What the audit committee said

Three things. In order:

  • “We approve continued AI-pilot operation.” With the new controls.
  • “We want an external audit-firm walkthrough of the controls layer next quarter.” They’re already scheduled.
  • “This is exactly why we asked you to ensure the controls code is auditable.” The committee had asked for this from day one; the team had been planning a custom build.

What this means for your pilot

Three lessons:

  1. Materiality is not a fraud control. It’s a productivity control. Fraud vectors operate inside the materiality envelope (think small-dollar wire fraud, vendor identity spoofing, recurring-payment hijacks). Fraud needs sensitive-account routing and pattern-specific checks, not materiality alone.

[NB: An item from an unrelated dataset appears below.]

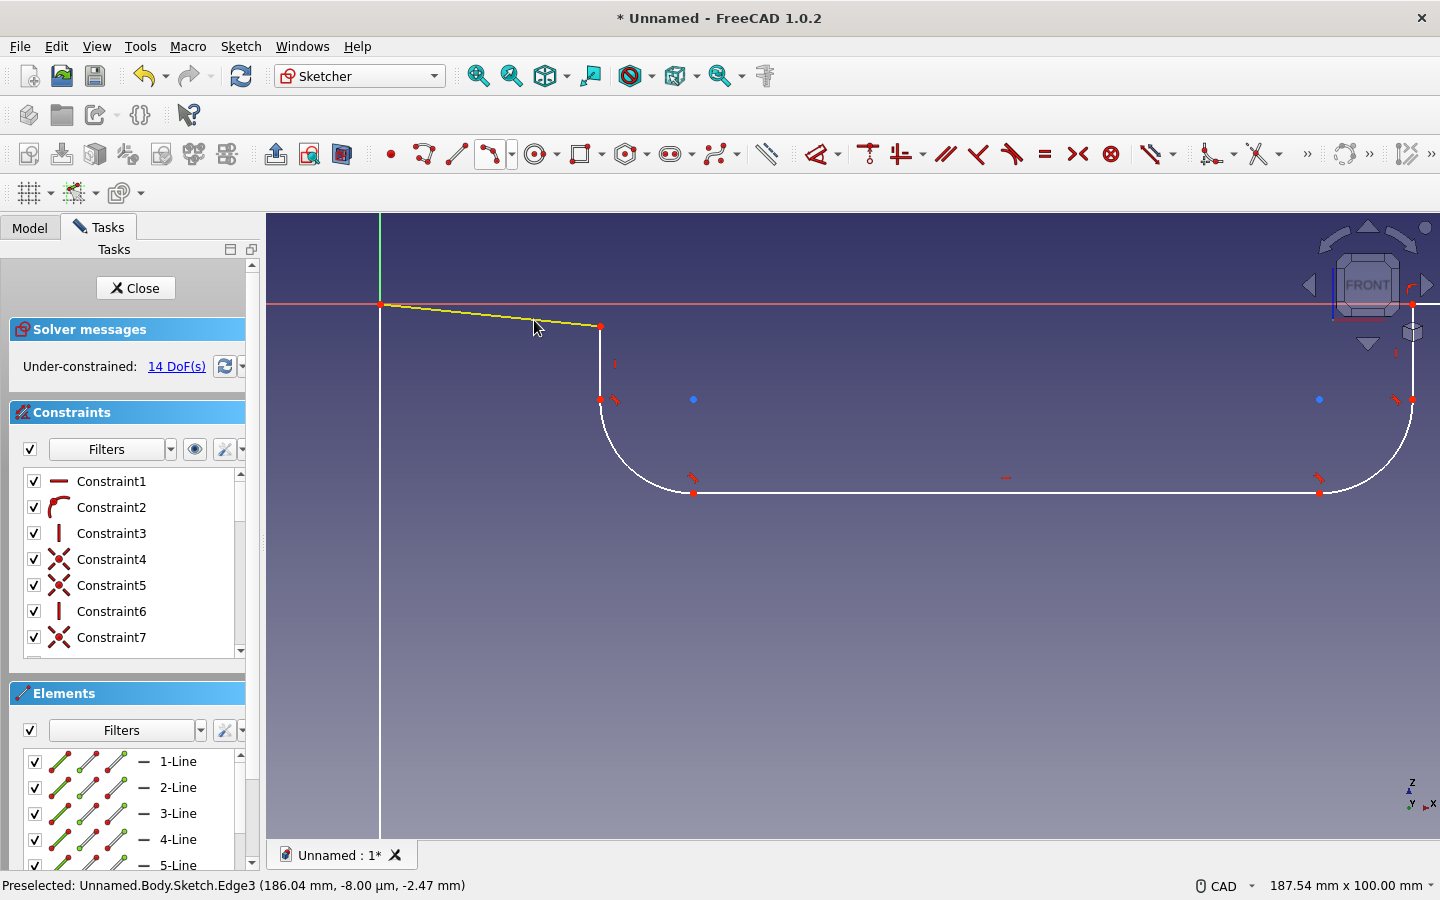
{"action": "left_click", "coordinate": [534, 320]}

  2. The audit-committee question lands the moment something goes wrong. “Where was the control?” If the answer is “the prompt was supposed to handle it” — the pilot stalls. If the answer is “clause X of policy.yaml; here’s the runtime check; here’s the audit-event row showing it fires” — the pilot continues.

  3. The 2:14am page is going to happen on every pilot. Not in this exact shape; maybe it’s intercompany clearing posted to the wrong entity, or a duplicate invoice from a vendor that renamed itself. The question isn’t whether the agent will get something wrong; the question is whether the controls layer catches it before it matters.